Class-oriented means: look at the class and you know exactly how all
of the instances look alike. The class is the first and primary
language construct; the class is well the place where you specify the
instance variables (there are no instance variables except those
specified in the class). The only kind of individualism left in the
objects is to let them differ by their state (the values of their
instance variables). Changing classes (class migration) is
conceptually quite hard for this setup.

Object-oriented (in this distinction) means that the primary elements
are objects, which keep all instance variables. classes my be used to
specify the behavior of objects, they are container for methods and
they control the life-cycle of objects. Objects are like the facts,
and classes are like rules, that determine the behavior of the
objects. Since the connection between objects and classes is rather
loose, it is sufficient to define their relation through an
association. Therefore it is quite easy to change the relation between
objects and classes (and between classes and classes) dynamically.

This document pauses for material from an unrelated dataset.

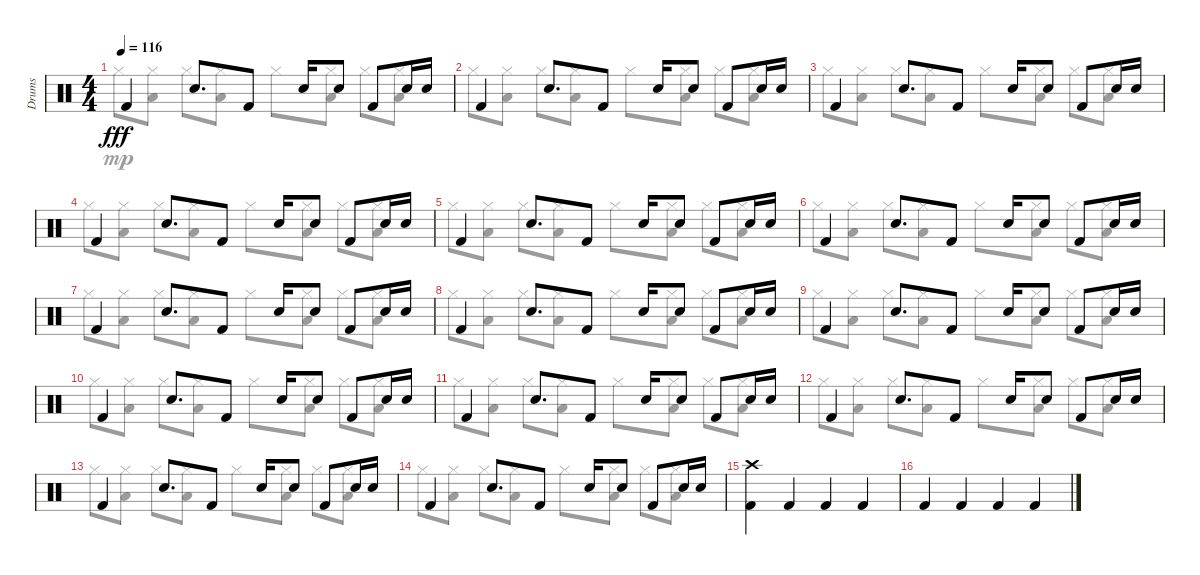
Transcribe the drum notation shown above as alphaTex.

Objects have arbitrary individualism, they may have variables never
used in any class, they may have private procs etc.

I'm not sure that describes the method well.  Basically, you can
instantiate an object A of class Foo, and later change A to be an
object of class Bar.   Does Python support this type of flexibility?
As I stated above, I've been away from Python for awhile now, and am a
bit rusty,  but it seems that slots or new style objects might
provide this type of behavior.  The ability to have an object change
class is certainly  (to me) a novel idea.  Can I do it in Python?